Another article truncated

bnz · March 13, 2021, 2:13pm

Hi, there!

I just bought the Android version of your “Push to Kindle” and, first, I must commend no-nonsense, simplest possible workflow of the app - no that “let’s just hop into your e-mail client” nonsense.

But, as the luck would have it, the very first article I tried sending was truncated after the introductory paragraphs, at some inclusion or other. The offending URL is

I hope this example will help you improve the “web page decluttering” logic - not a simply task, I know, and Amazon itself is struggling with it.

I left an unnecessarily harsh review at Google store, and don’t know how to edit it now. Sorry.
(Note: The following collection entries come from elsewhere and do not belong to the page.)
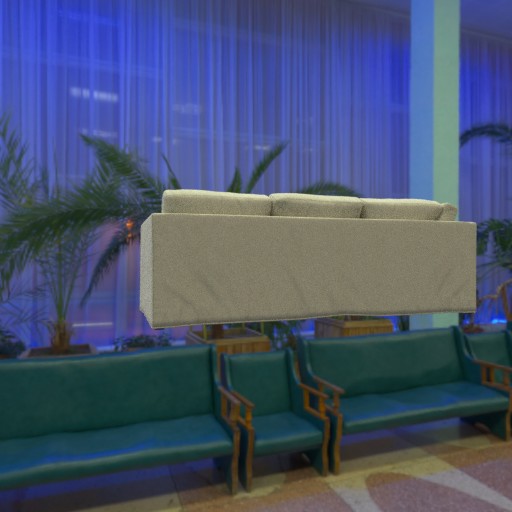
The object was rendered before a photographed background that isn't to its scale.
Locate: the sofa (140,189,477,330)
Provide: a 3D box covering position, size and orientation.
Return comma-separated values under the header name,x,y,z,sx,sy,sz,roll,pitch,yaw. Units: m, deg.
name,x,y,z,sx,sy,sz,roll,pitch,yaw
sofa,0.000,0.000,4.620,2.448,0.882,3.464,0,0,-19
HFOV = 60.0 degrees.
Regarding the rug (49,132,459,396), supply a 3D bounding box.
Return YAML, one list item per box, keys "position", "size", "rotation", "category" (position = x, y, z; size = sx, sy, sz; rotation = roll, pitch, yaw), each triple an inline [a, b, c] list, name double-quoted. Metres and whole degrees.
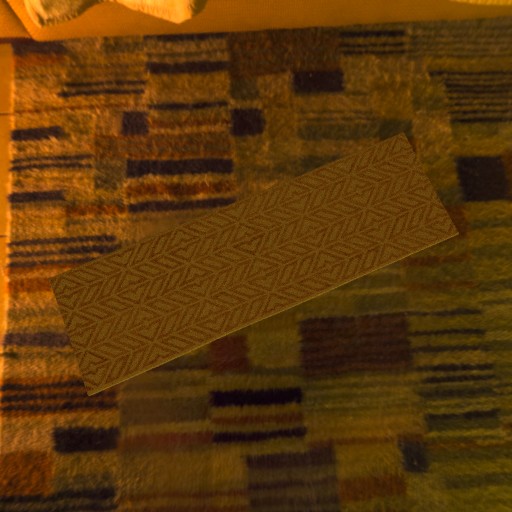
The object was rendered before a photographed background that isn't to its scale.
- position: [0.000, 0.000, 2.733]
  size: [2.435, 0.009, 0.750]
  rotation: [-23, 79, -5]
  category: "rug"

fivefilters · March 13, 2021, 4:06pm

Hi there, thanks for the problem report, and no problem at all about the review.

We’ve now fixed extraction for this site, so future articles you send from this site via the Push to Kindle app should be processed okay. (The changes can take up to an hour to take effect.)
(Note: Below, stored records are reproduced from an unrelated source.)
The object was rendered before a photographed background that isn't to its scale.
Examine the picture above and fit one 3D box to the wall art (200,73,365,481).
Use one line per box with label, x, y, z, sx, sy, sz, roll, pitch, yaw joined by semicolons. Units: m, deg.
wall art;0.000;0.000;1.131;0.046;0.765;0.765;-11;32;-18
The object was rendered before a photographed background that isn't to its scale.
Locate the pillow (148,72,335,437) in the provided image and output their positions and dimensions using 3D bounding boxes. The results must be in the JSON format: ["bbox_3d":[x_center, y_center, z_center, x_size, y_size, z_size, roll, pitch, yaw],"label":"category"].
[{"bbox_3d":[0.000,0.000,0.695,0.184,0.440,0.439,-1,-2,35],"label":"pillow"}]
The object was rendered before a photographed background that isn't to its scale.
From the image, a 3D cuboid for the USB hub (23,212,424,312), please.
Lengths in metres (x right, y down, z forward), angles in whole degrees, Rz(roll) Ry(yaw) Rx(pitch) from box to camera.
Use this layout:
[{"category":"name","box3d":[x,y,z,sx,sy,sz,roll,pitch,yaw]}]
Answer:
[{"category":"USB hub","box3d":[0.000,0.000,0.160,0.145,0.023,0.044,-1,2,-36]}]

If you’re curious about the issue that caused the extraction problem: thedrive.com currently use invalid HTML in all its article sections, see below for example:

The red parts (highlighted by Firefox in its source view) indicate invalid HTML tags in that section of the article.

Normally invalid HTML tags aren’t a problem for our parser, but these tags indicate the start and end of a document. Our parser extracts them, but during cleanup, the article gets cut short when the </body></html> tags are encountered at the end of the first text section.

If you use our browser-based Push to Kindle extension, we process the HTML after your browser has treated it, so these tags are automatically removed by the browser before it reaches Push to Kindle, so the content gets through fine.

But when you use the app, we make a server request for the content, which brings with it the invalid HTML tags. So before we applied the fix you would have seen something like this due to the problem above.

On the whole most pages should work the same in both modes, but there are some that will work better in browser-retrieved mode. At the moment to use the browser-retrieved mode via mobile, you’ll have to use our bookmarklet here (a little clunkier to to set up and use compared to the app): Push to Kindle bookmarklet - FiveFilters.org

In the future we hope to bring similar functionality to the app too, but currently Android does not allow us to pull in HTML from the browser directly.